Comparison of Propofol and Sevoflurane as Anesthesia Maintenance Agents in Relation to Postoperative Pain, Nausea and Vomiting During Endoscopic Retrograde Cholangio-Pancreatography: A Prospective, Single-Center, Randomized, Single-Blind Pilot Study
Mehdi Belhassane, Leo Jaubert

TL;DR
This pilot study compared propofol and sevoflurane for anesthesia during ERCP and found no significant differences in postoperative pain, nausea, or vomiting.
Contribution
The study is the first to compare these anesthetics in the specific context of endoscopic retrograde cholangio-pancreatography.
Findings
No significant difference in postoperative nausea and vomiting between the two groups.
No significant difference in postoperative pain or analgesic use between the groups.

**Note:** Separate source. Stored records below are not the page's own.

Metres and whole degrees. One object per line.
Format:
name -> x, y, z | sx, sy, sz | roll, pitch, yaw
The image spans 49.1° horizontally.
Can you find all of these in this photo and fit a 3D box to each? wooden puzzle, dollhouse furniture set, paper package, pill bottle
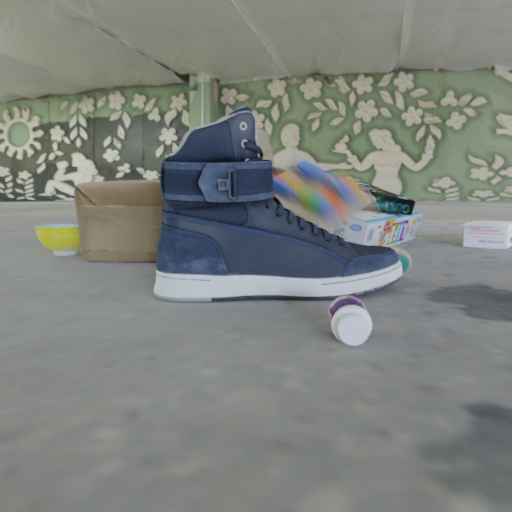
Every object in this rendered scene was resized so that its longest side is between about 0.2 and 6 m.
wooden puzzle -> 1.113, -1.251, 10.550 | 1.753, 0.438, 1.893 | 31, 39, 28
dollhouse furniture set -> -0.071, -2.442, 14.387 | 1.514, 2.161, 1.523 | -38, 48, -20
paper package -> -1.867, -0.817, 11.708 | 2.898, 1.573, 3.040 | 1, 8, 5
pill bottle -> 0.884, 0.617, 5.272 | 0.372, 0.372, 0.668 | 0, 7, 3

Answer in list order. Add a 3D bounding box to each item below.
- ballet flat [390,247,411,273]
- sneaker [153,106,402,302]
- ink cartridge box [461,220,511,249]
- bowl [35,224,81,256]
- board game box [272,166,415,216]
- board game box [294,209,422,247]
ballet flat -> 1.552, 0.054, 8.613 | 1.598, 0.555, 0.555 | 1, 7, -2
sneaker -> 0.389, -0.689, 7.422 | 3.427, 2.476, 1.303 | 0, 5, -14
ink cartridge box -> 5.462, -0.500, 13.137 | 0.992, 0.570, 1.693 | 5, 9, 33
bowl -> -3.977, -0.333, 11.663 | 1.154, 0.621, 1.154 | -1, 7, 0
board game box -> 1.929, -1.522, 13.114 | 2.972, 0.418, 2.010 | 5, 16, -27
board game box -> 2.026, -1.001, 13.622 | 2.915, 0.742, 4.336 | 21, 16, 27
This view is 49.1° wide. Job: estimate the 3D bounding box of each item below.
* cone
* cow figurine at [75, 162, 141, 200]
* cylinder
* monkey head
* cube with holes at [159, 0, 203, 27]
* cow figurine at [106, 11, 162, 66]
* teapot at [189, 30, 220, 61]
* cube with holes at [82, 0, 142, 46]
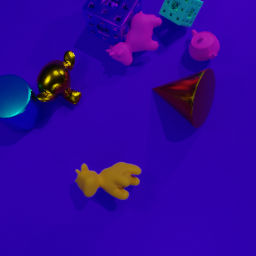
[{"bbox_3d":[1.395,-0.980,7.979,1.644,1.638,1.638,16,77,31],"label":"cone"},{"bbox_3d":[-0.537,1.274,7.183,1.414,1.437,0.789,17,117,22],"label":"cow figurine"},{"bbox_3d":[-3.084,-0.653,7.648,1.231,1.231,1.231,0,75,-1],"label":"cylinder"},{"bbox_3d":[-1.855,-1.225,7.794,1.282,1.074,1.782,28,64,-8],"label":"monkey head"},{"bbox_3d":[1.568,-3.551,8.279,0.774,0.774,0.774,41,123,23],"label":"cube with holes"},{"bbox_3d":[0.142,-2.566,8.047,1.468,1.492,0.819,-6,33,-21],"label":"cow figurine"},{"bbox_3d":[2.229,-2.404,8.175,0.883,0.696,1.421,-29,55,5],"label":"teapot"},{"bbox_3d":[-0.420,-3.353,8.244,1.232,1.232,1.232,28,79,6],"label":"cube with holes"}]
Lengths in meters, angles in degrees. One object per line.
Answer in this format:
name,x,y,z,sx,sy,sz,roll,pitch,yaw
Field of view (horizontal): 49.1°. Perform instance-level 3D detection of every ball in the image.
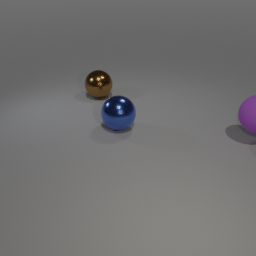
ball,-0.379,-0.602,11.211,1.400,1.400,1.400,0,29,0
ball,4.697,-0.496,10.033,1.400,1.400,1.400,0,29,0
ball,-1.473,-2.201,14.065,1.400,1.400,1.400,0,29,0
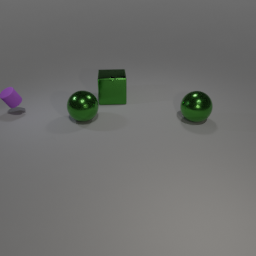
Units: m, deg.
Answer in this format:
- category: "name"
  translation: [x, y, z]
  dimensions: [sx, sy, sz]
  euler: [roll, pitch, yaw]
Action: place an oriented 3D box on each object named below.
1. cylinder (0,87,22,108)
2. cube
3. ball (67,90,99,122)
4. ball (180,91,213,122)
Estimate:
- category: "cylinder"
  translation: [-5.318, -1.382, 12.735]
  dimensions: [0.700, 0.700, 0.700]
  euler: [-13, 48, 15]
- category: "cube"
  translation: [-0.807, -2.119, 14.370]
  dimensions: [1.400, 1.400, 1.400]
  euler: [-2, 31, -3]
- category: "ball"
  translation: [-2.014, -0.973, 12.493]
  dimensions: [1.400, 1.400, 1.400]
  euler: [0, 31, 0]
- category: "ball"
  translation: [3.036, -0.947, 12.451]
  dimensions: [1.400, 1.400, 1.400]
  euler: [0, 31, 0]
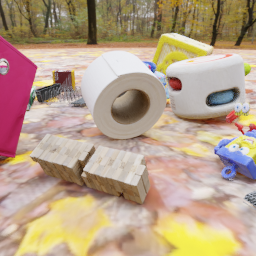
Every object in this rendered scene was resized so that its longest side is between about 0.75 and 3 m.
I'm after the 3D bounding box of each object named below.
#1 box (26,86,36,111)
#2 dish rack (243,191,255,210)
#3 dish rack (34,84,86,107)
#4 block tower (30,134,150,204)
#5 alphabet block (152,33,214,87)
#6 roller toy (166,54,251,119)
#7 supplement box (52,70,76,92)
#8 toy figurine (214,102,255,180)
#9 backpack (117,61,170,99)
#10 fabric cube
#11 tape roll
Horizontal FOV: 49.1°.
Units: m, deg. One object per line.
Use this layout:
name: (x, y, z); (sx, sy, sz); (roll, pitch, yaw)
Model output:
box: (-5.018, -1.245, 11.713); (2.034, 0.512, 2.818); (-4, 21, -11)
dish rack: (2.601, 1.401, 4.439); (1.068, 0.380, 1.392); (-7, 19, -22)
dish rack: (-2.584, -1.424, 12.020); (2.291, 0.625, 1.758); (5, 21, 15)
block tower: (-0.734, 0.751, 5.509); (2.403, 0.695, 0.649); (12, 50, 25)
alphabet block: (2.524, -3.071, 13.436); (2.284, 2.296, 2.338); (24, 26, 13)
roller toy: (2.709, -1.426, 9.935); (2.854, 1.994, 2.603); (1, 20, 34)
supplement box: (-3.211, -2.382, 14.099); (1.038, 1.024, 0.689); (-2, 20, -5)
toy figurine: (2.831, 0.702, 5.912); (1.717, 1.512, 2.866); (-37, 28, -13)
backpack: (0.427, -1.872, 11.546); (2.680, 1.803, 2.447); (-8, 20, -26)
fabric cube: (-3.913, -0.816, 6.265); (2.444, 2.436, 2.398); (6, -13, 18)
tape roll: (-0.155, -0.927, 7.916); (2.107, 2.107, 1.447); (-7, 37, -19)
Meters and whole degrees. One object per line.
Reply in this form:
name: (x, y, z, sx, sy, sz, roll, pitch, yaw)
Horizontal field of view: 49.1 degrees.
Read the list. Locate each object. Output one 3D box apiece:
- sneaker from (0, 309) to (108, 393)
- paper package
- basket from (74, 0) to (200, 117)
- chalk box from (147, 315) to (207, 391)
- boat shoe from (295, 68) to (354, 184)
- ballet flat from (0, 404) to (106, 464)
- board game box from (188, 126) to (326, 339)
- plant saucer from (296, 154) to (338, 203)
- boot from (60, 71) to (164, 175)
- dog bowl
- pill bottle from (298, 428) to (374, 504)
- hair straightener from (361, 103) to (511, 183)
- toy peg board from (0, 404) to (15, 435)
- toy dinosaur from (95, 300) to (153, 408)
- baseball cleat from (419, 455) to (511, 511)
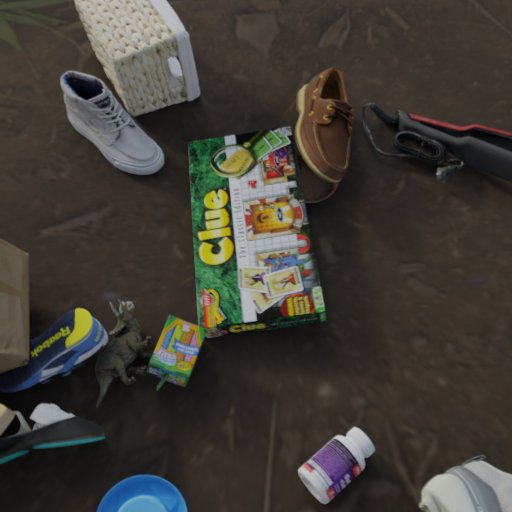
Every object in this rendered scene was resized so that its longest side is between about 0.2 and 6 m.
sneaker: (-3.112, 1.557, 8.572, 1.895, 0.779, 0.701, -29, 59, 7)
paper package: (-4.489, 0.869, 8.430, 1.924, 1.044, 2.019, -21, 61, 14)
basket: (-2.445, -4.338, 11.451, 1.575, 1.730, 2.553, -26, 63, -10)
chalk box: (-1.240, 1.558, 8.508, 0.647, 0.651, 1.044, 21, 62, -3)
boat shoe: (1.340, -2.544, 10.529, 0.972, 0.912, 2.700, 20, 48, -25)
ballet flat: (-3.199, 2.508, 7.935, 2.041, 0.694, 0.698, -13, 76, -8)
board game box: (-0.098, -0.564, 9.823, 2.048, 0.459, 3.910, -10, 60, 5)
plant saucer: (0.958, -1.420, 10.576, 1.164, 0.213, 1.164, 0, 59, 0)
boot: (-2.817, -2.561, 10.676, 2.467, 1.179, 0.907, 34, 65, 18)
dog bowl: (-1.552, 4.014, 7.194, 1.214, 0.540, 2.178, 6, 59, 3)
pill bottle: (1.143, 2.896, 7.827, 1.030, 0.574, 0.574, -36, 66, -18)
hair straightener: (3.593, -2.088, 10.588, 3.561, 0.729, 1.370, 25, 57, 15)
toy peg board: (-4.409, 2.469, 7.309, 1.851, 0.909, 1.859, -1, 48, 48)
toy dinosaur: (-2.097, 1.573, 8.682, 0.856, 0.644, 1.674, 12, 64, 21)
baseball cleat: (3.487, 4.078, 6.806, 1.764, 1.156, 3.315, -22, 64, -15)
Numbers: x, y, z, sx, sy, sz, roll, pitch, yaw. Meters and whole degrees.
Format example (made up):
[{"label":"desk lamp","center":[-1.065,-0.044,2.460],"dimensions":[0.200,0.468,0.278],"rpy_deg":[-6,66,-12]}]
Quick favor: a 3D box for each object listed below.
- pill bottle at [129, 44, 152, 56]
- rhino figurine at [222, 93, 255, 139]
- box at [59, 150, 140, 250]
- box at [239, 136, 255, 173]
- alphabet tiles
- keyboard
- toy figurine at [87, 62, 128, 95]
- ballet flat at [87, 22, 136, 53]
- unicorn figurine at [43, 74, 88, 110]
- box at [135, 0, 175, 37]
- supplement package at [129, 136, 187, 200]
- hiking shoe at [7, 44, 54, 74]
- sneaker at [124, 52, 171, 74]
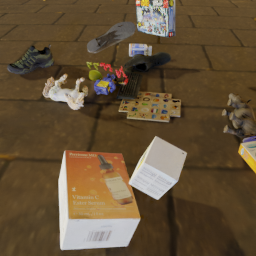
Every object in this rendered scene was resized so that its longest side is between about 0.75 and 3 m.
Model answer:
[{"label":"pill bottle","center":[0.720,-4.475,16.149],"dimensions":[1.285,0.720,0.720],"rpy_deg":[3,38,2]},{"label":"rhino figurine","center":[4.443,-0.590,11.087],"dimensions":[1.226,0.838,2.804],"rpy_deg":[22,39,0]},{"label":"box","center":[-0.880,1.818,7.424],"dimensions":[1.735,1.212,2.279],"rpy_deg":[5,36,-20]},{"label":"box","center":[4.783,1.120,9.267],"dimensions":[1.391,0.485,2.337],"rpy_deg":[-8,37,-11]},{"label":"alphabet tiles","center":[0.986,-0.982,12.224],"dimensions":[2.598,0.082,2.161],"rpy_deg":[5,38,7]},{"label":"keyboard","center":[-0.182,-2.095,13.458],"dimensions":[1.566,0.254,2.465],"rpy_deg":[4,36,8]},{"label":"toy figurine","center":[-1.254,-2.132,12.890],"dimensions":[2.187,1.154,1.310],"rpy_deg":[15,59,25]},{"label":"ballet flat","center":[-0.624,-3.389,10.604],"dimensions":[2.000,0.674,0.464],"rpy_deg":[-28,-4,5]},{"label":"unicorn figurine","center":[-2.557,-1.548,12.384],"dimensions":[2.692,0.994,1.849],"rpy_deg":[0,46,24]},{"label":"box","center":[1.198,-5.030,12.564],"dimensions":[0.454,1.560,2.279],"rpy_deg":[-23,33,-28]},{"label":"supplement package","center":[0.623,0.870,5.996],"dimensions":[0.761,1.010,0.767],"rpy_deg":[29,51,1]},{"label":"hiking shoe","center":[-5.167,-3.690,14.705],"dimensions":[2.499,1.258,0.946],"rpy_deg":[-25,45,-28]},{"label":"sneaker","center":[1.057,-3.383,14.791],"dimensions":[2.520,0.757,1.315],"rpy_deg":[-1,40,3]}]
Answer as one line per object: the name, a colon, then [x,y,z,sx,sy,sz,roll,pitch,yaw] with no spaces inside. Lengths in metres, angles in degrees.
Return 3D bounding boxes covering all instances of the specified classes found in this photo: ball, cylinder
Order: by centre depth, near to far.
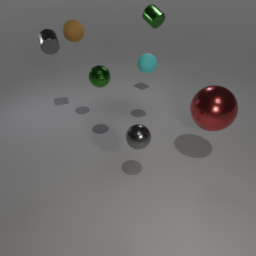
ball: [0.282,0.240,7.663,0.700,0.700,0.700,0,31,0]
ball: [2.603,-0.595,8.513,1.400,1.400,1.400,0,31,0]
ball: [-0.897,-1.628,8.847,0.700,0.700,0.700,0,31,0]
ball: [-1.783,-3.173,9.166,0.700,0.700,0.700,0,31,0]
ball: [0.695,-2.315,10.051,0.700,0.700,0.700,0,31,0]
cylinder: [-2.999,-3.268,10.630,0.700,0.700,0.700,-10,51,-17]
cylinder: [1.070,-4.633,11.647,0.700,0.700,0.700,-26,69,-36]

Both anesthetics showed similar outcomes in the first 48 hours post-procedure.
Abstract
Introduction Halogen gas anesthesia is considered to be more conducive to postoperative nausea and vomiting (PONV) than total intravenous anesthesia. This difference has been demonstrated in surgery, but there have been no studies on postoperative pain (POP), nausea and vomiting based on anesthesia in the specific environment of endoscopy, to the best of our knowledge. Our aim was therefore to carry out a preliminary study to investigate a trend in POP, nausea and vomiting during endoscopic retrograde cholangio-pancreatography (ERCP), depending on the type of the maintenance anesthetic agent used. Methods This single-center, prospective, randomized, single-blind pilot study included 42 adult patients (American Society of Anesthesiologists classification score, ASA ≤ 3) benefiting from ERCP. They were randomized into two groups depending on the type of maintenance anesthetic used: the…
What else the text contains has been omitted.